Attack of the Herbals (also known as Attack of the Nazi Herbals) is a 2010 Scottish horror comedy directed by David Keith from a screenplay written by David Ryan Keith, Liam Matheson and Alisdair Cook. It stars Calum Booth, Claire McCulloch, Steve Worsley, Richard Currie, and Liam Matheson.

The film is about a group of locals who try to save Lobster Cove, their sleepy village, from disruption caused by a plan to build a new supermarket complex.

==Premise==
Set in a small Scottish village named Lobster Cove, the local community is enraged when a retailer is granted permission to build their supermarket complex on a nature spot. A WW2 German crate is discovered washed up on shore and one of the group makes tea out of it.

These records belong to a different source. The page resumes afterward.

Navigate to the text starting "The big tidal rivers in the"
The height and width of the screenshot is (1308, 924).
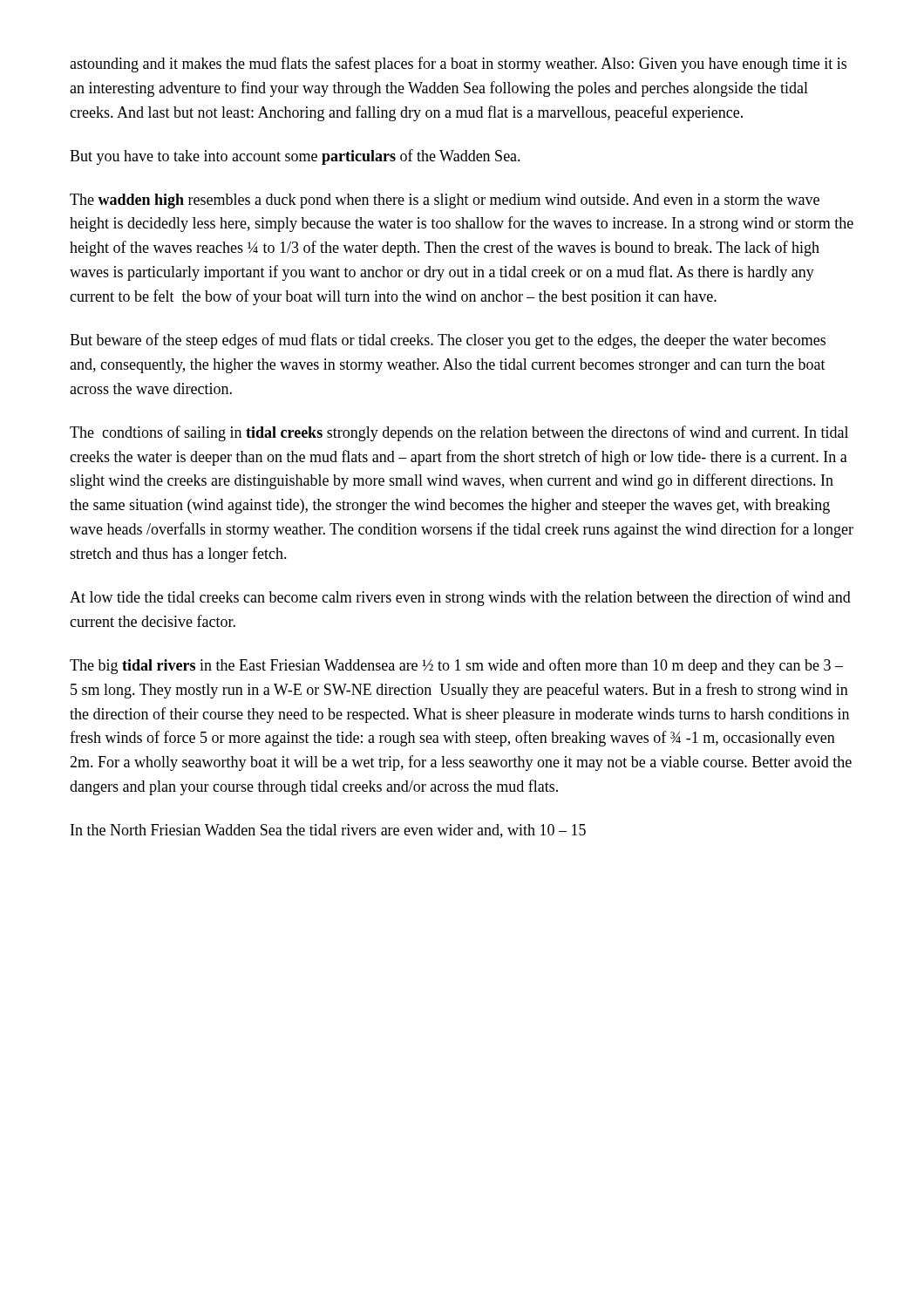click(x=461, y=726)
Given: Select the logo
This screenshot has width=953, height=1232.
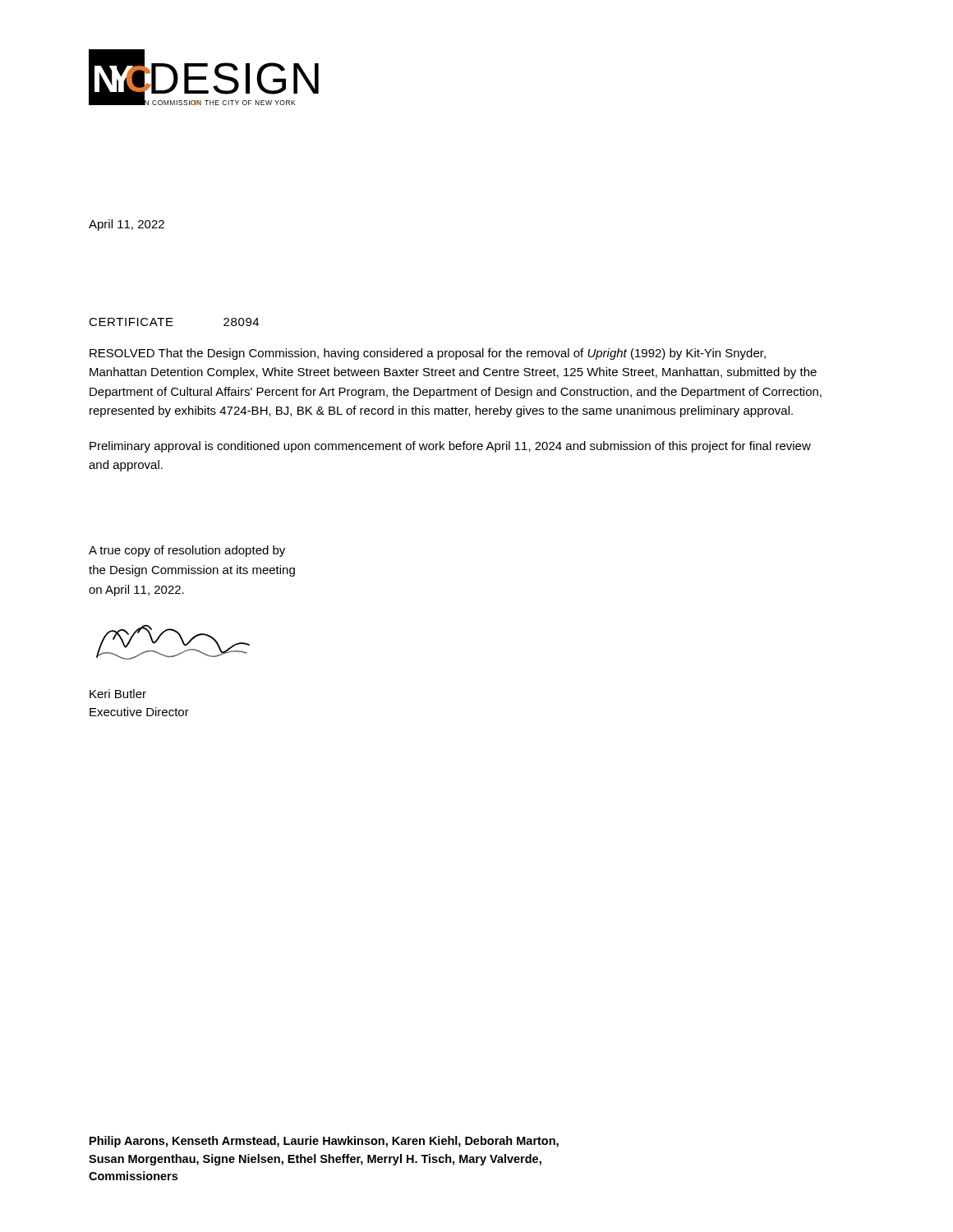Looking at the screenshot, I should [458, 79].
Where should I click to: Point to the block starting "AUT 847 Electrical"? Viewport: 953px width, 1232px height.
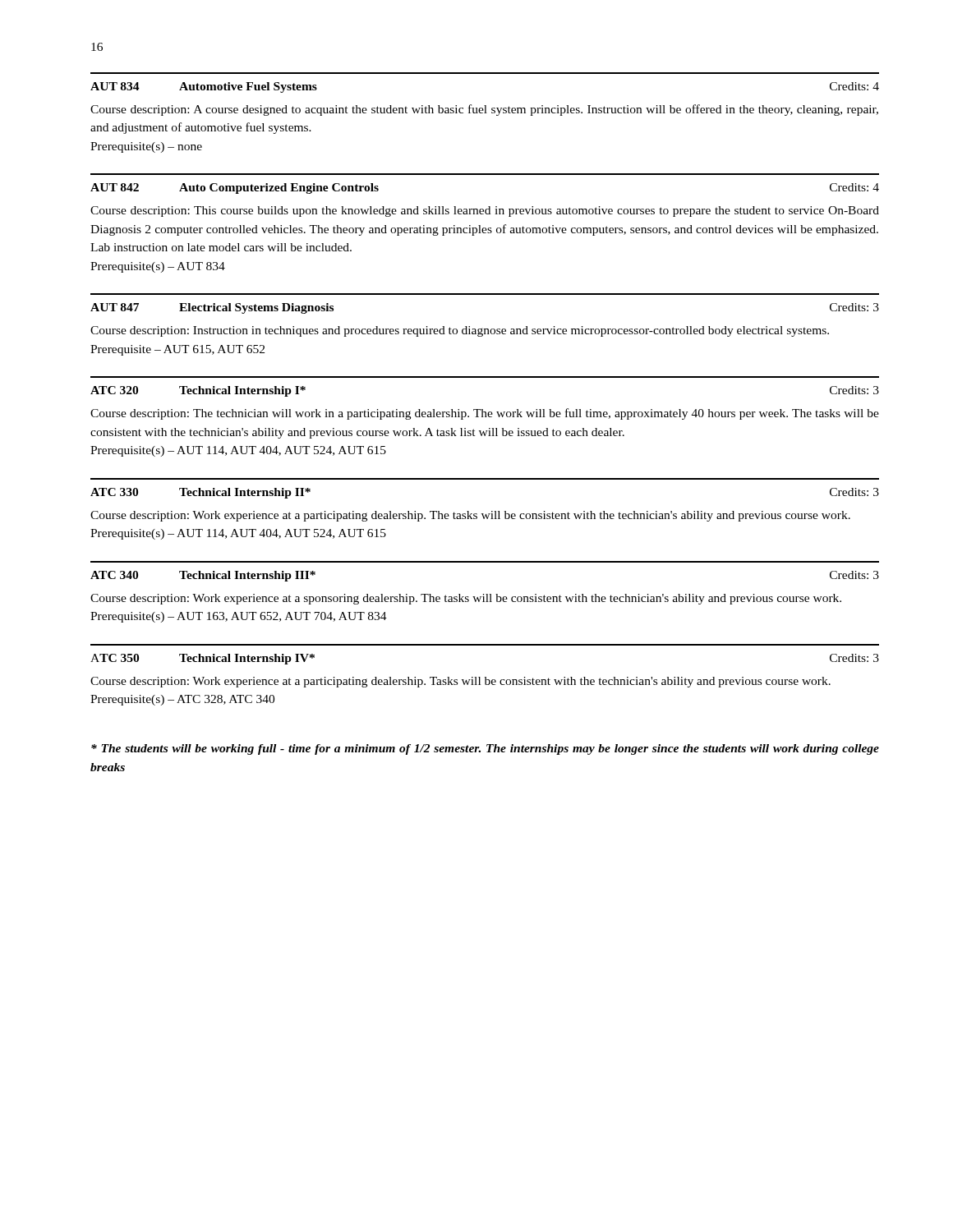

Some of the local residents band together to create a herbal-tea cottage industry as a way to raise funds to fight the retailer. The tea proves incredibly popular and with its rejuvenating properties the elderly are finding a new lease of life. Unfortunately, there are side-effects.

==Cast==
- Calum Booth as Jackson McGregor
- Claire McCulloch as Jenny Robertson
- Steve Worsley as Russell Wallace
- Richard Currie as Steve Roadrunner Robertson
- Liam Matheson as Bennett Campbell
- Lee Hutcheon as Danny the Pincer

==Production==
Attack of the Herbals was filmed in and around Aberdeen, Scotland, on a single Canon 5D with follow focus. Much of the film focuses on the Aberdeen harbour area.

The music is by Leah Kardos, who collaborated with David Keith on previous works,  two short films called "Demonic" and "Dead Funny".

==Release==
Camelot Entertainment Group have gained distribution rights to Attack of the Herbals. Darknight Pictures, a division of Camelot Entertainment, confirmed they were to auction Attack of the Herbals at the 2011 Cannes Film Festival.

==Reception==
Robert Cherkowski of Filmstarts found Attack of the Herbals to be "a likeable project" though "rather bland for long stretches". Horrornews.net reviewer Dave Gammon called the film "a fine balance of terror and knee slapping fancy". In the book Book of the Dead: The Complete History of Zombie Cinema, the author Jamie Russell said Attack of the Herbals was a "redundantly anodyne" work that blends elements of Local Hero and The Crazies.

Empires Kim Newman said the film leans a bit too heavily on Shaun of the Dead though manages to be amusing at times. VideoHound gave the film one star. Regarding the film poster, The Hollywood Reporters Kevin Cassidy called it the "Best Use of an Unscary Beverage in a Horror Movie".